Can anyone share their approach here ?

let time be n sec.

take square root of n, let it be no_x. This is the no. of minimum x in required string.

now no.of D after all the X=floor(n/no_x).

still we need (n%no_x) of XD(s). so place 1 D after (n%no_x)th X in the previous string

It was very interesting problem. I have also used the same approach as Shaswat but I can explain in a better way: suppose you have number of "X"s=a and number of "D"s=b. now you know that length of string will be (a+b) and you can contain maximum value a*b by forming a string in which all "X"s will come before all "D"s. example:- “XXXXDDD” have a=4 and b=3 hence maximum value it can give is 12. suppose we want to find string for n=13. then we can simply put one more “X” before one “D” at the end, i.e. string will be “XXXXDDXD”. for the value of n=11, we can just shift the last x one position after a “D” and string will be “XXXDXDD”. In this way we can first find the equivalent generating string and then modify it accordingly.

Happy Coding

If n is a perfect square, then we can directly find the correct string by writing ‘X’ sqrt(n) times followed by 'D’s sqrt(n) times.

However, what if n is not a perfect square?Well, in that case we need to find the maximum number which is a perfect square but is less than n.

For example, if we have n = 13, then we will first solve for 9 since 9 is a perfect square and is less than 13.Lets call this perfect square we just derived as num.So, num = 9 i.e X’s = 3 and D’s = 3.Lets call them x and d resp.

Now, what we do is count the number of remaining 'XD’s.This is done by n - num.In case n was already a perfect square, we would get rem as 0 and we don’t need to do anything.However, in case of say 13, we will get `rem = 13 - 9 = 4. Now we already know that at this point of time, we have sqrt(num) X’s and D’s i.e 3 X’s and 3 D’s i.e XXXDDD.Now we will check that

```
while (rem > 0 and (d+1)*x<= n){
//Adding 1 'D' at end would increase our XD's x times.
rem -= x
//Since we can append a 'D' at the end without overshooting n, hence we increase the count of 'D'
d += 1
}
```

The second condition in the while loop is to prevent overshooting n by appending a ‘D’ at the end.If we are overshooting it, then we go to the next step which finds the correct answer for us.
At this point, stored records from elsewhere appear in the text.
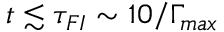Convert formula to latex. <formula><loc_0><loc_0><loc_500><loc_500>t \lesssim \tau _ { F I } \sim 1 0 / \Gamma _ { \max }</formula> 
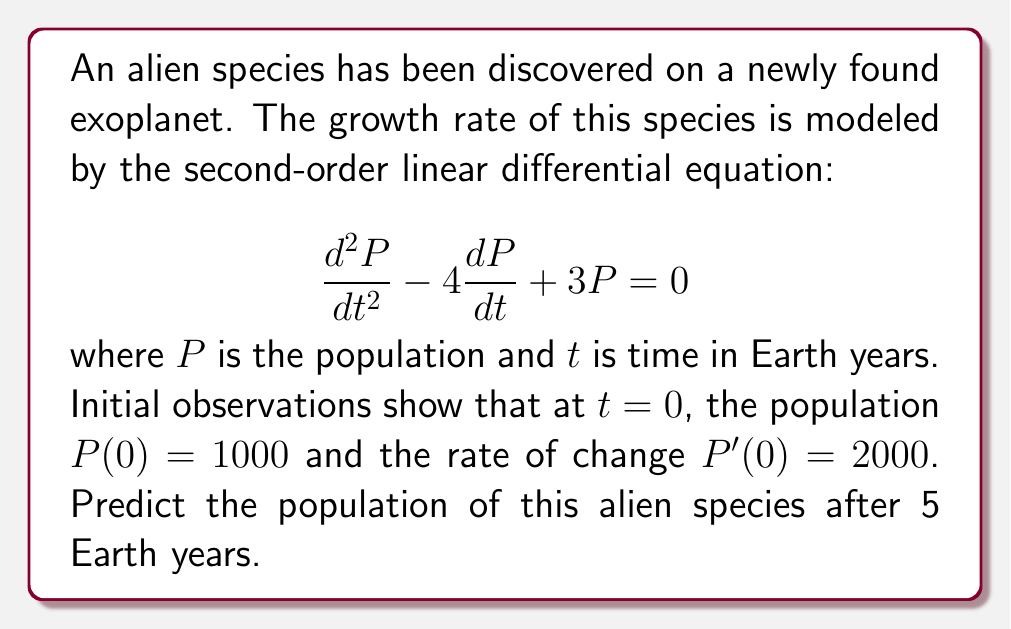Solve this math problem. To solve this problem, we need to follow these steps:

1) The general solution for this second-order linear differential equation is:

   $$P(t) = c_1e^{r_1t} + c_2e^{r_2t}$$

   where $r_1$ and $r_2$ are the roots of the characteristic equation.

2) The characteristic equation is:

   $$r^2 - 4r + 3 = 0$$

3) Solving this equation:

   $$(r-3)(r-1) = 0$$
   
   So, $r_1 = 3$ and $r_2 = 1$

4) Therefore, the general solution is:

   $$P(t) = c_1e^{3t} + c_2e^t$$

5) To find $c_1$ and $c_2$, we use the initial conditions:

   $P(0) = 1000$: $c_1 + c_2 = 1000$
   $P'(0) = 2000$: $3c_1 + c_2 = 2000$

6) Solving these equations:

   $c_2 = 1000 - c_1$
   $3c_1 + (1000 - c_1) = 2000$
   $2c_1 = 1000$
   $c_1 = 500$
   $c_2 = 500$

7) The particular solution is:

   $$P(t) = 500e^{3t} + 500e^t$$

8) To find the population after 5 years, we calculate $P(5)$:

   $$P(5) = 500e^{3(5)} + 500e^5$$
   $$P(5) = 500e^{15} + 500e^5$$

9) Using a calculator:

   $$P(5) \approx 1,631,506,830$$
Answer: The predicted population of the alien species after 5 Earth years is approximately 1,631,506,830.

Now in case we are unable to append a ‘D’ at the end so as to prevent getting more subsequences then required, then we need to add an ‘X’ somewhere in between the 'D’s.

```
if(rem >0){
//find the position as which we need to insert X in between the D's.
idx = d - rem
//increment d since we are also appending an X so that the for loop we will use will work for the correct number of D's
d += 1
}
```

Finally print the number of X’s.But while printing the D’s, check if we need to insert any X in between them.If we do, then while printing D, also print an ‘X’ at the correct position which is given by ‘idx’.

Here is a link to my solution - CodeChef: Practical coding for everyone

Let’s assume you are given an XD string you have to determine how many XD subsequences are there in the string.
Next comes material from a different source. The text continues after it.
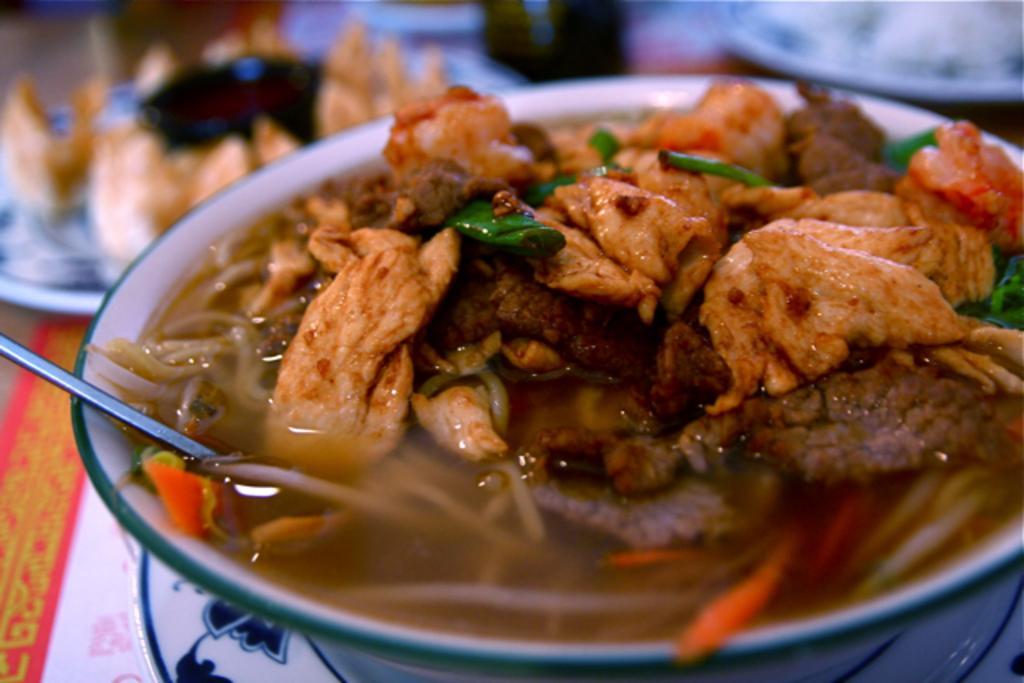Can you describe this image briefly? In this image I can see the food and the food is in brown, cream and green color. The food is in the bowl and the bowl is in white color and I can see blurred background.

This is pretty easy. Just count the number of D after every X and sum them up.

example: XDXXXDDDXD : 5 + 4 + 4 + 4 + 1 = 18

Now think you have given this sum and you have to form minimum XD string.

Let’s say this sum(n in the question) is a perfect square:

example:

1 : XD,

4 : XXDD,

9 : XXXDDD,

16 : XXXXDDDD,

as you can notice from the pattern if n is a perfect square you just need to print sqrt(n) ‘X’ followed by sqrt(n) ‘D’ ( and this is optimal ).

Now what if n is not a perfect square:

example n = 15:

lets say x = floor(sqrt(n))

therefore x * x<=n

in this case x=3

so we can form solution for n=9 using x=3

remaining XD subsequences are n-x*x ( 15 - 3*3 = 6)

Now we somehow have to insert the remaining XD subsequences in this string

Use logic discuss in the starting

if we insert a D after ‘k’ 'X’es then we form ‘k’ extra subsequences

in our example

XXXDDD

insert ‘D’ after 3 ‘X’ (as there are no more ‘X’)

XXXDDDD

subsequences still left to add = 6 - 3 = 3

again insert ‘D’ after 3 ‘X’

XXXDDDDD

now we have got our answer

proof:

maximum difference between n and x*x could be 2x (it is easy to derive mathematically)

we have x 'X’es in our string

after inserting 2 'D’s after all the 'X’es we can make our required string.